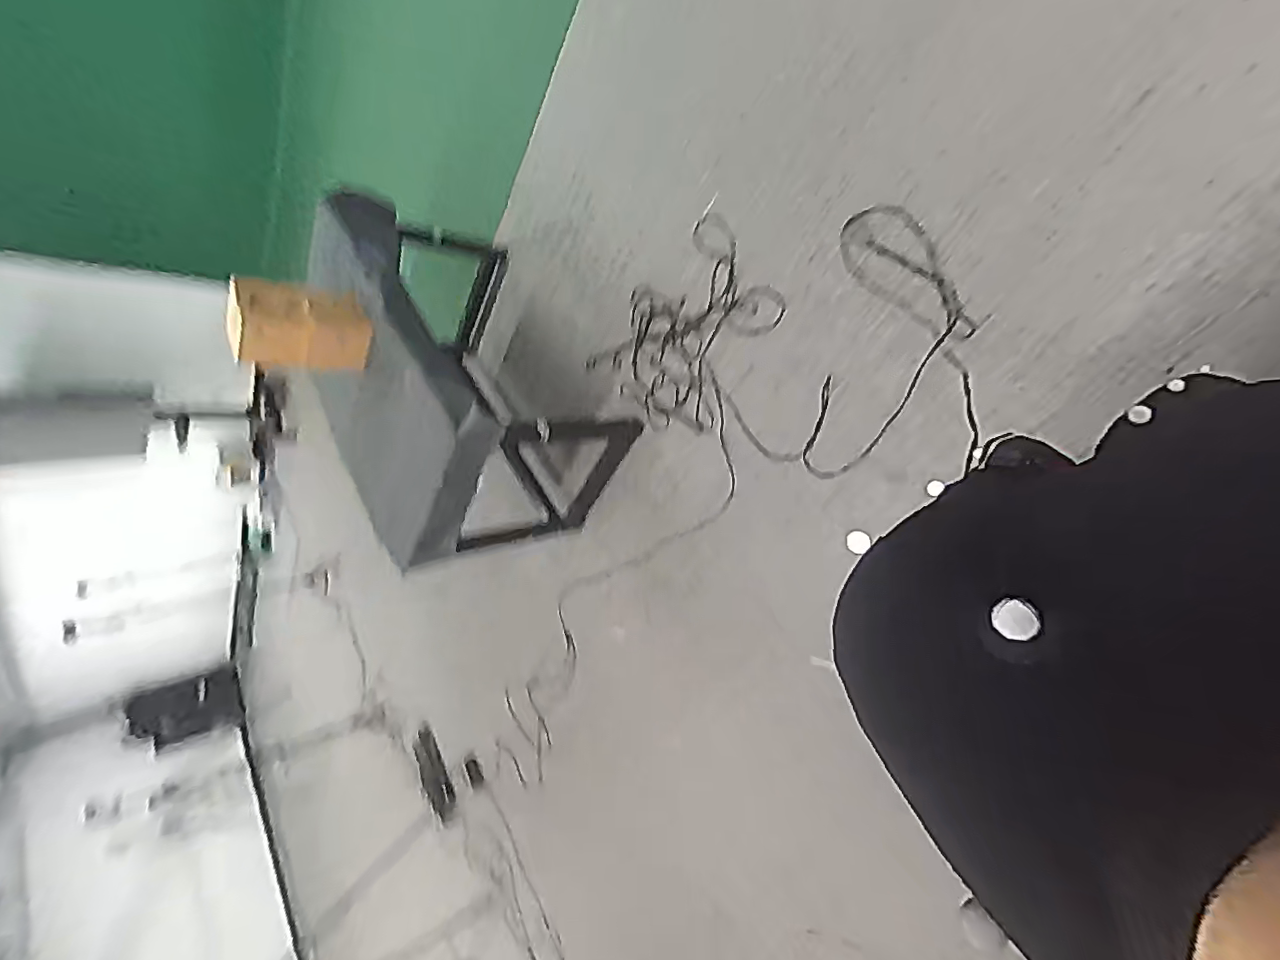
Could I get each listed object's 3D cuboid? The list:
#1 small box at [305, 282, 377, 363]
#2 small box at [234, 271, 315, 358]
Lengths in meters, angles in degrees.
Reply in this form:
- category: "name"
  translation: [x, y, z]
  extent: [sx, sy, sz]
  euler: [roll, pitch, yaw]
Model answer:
- category: "small box"
  translation: [-0.937, -0.485, 1.682]
  extent: [0.168, 0.176, 0.179]
  euler: [58, 132, 24]
- category: "small box"
  translation: [-1.070, -0.477, 1.585]
  extent: [0.179, 0.176, 0.168]
  euler: [-46, 64, 38]

*WORK TASK:* All of the material above goes into the copy exactly as is; the pictures do not.

*RESULT OF THE EXERCISE:*
Could I get each listed object's 3D cuboid? The list:
#1 small box at [305, 282, 377, 363]
#2 small box at [234, 271, 315, 358]
Lengths in meters, angles in degrees.
Reply in this form:
- category: "name"
  translation: [x, y, z]
  extent: [sx, sy, sz]
  euler: [roll, pitch, yaw]
Model answer:
- category: "small box"
  translation: [-0.937, -0.485, 1.682]
  extent: [0.168, 0.176, 0.179]
  euler: [58, 132, 24]
- category: "small box"
  translation: [-1.070, -0.477, 1.585]
  extent: [0.179, 0.176, 0.168]
  euler: [-46, 64, 38]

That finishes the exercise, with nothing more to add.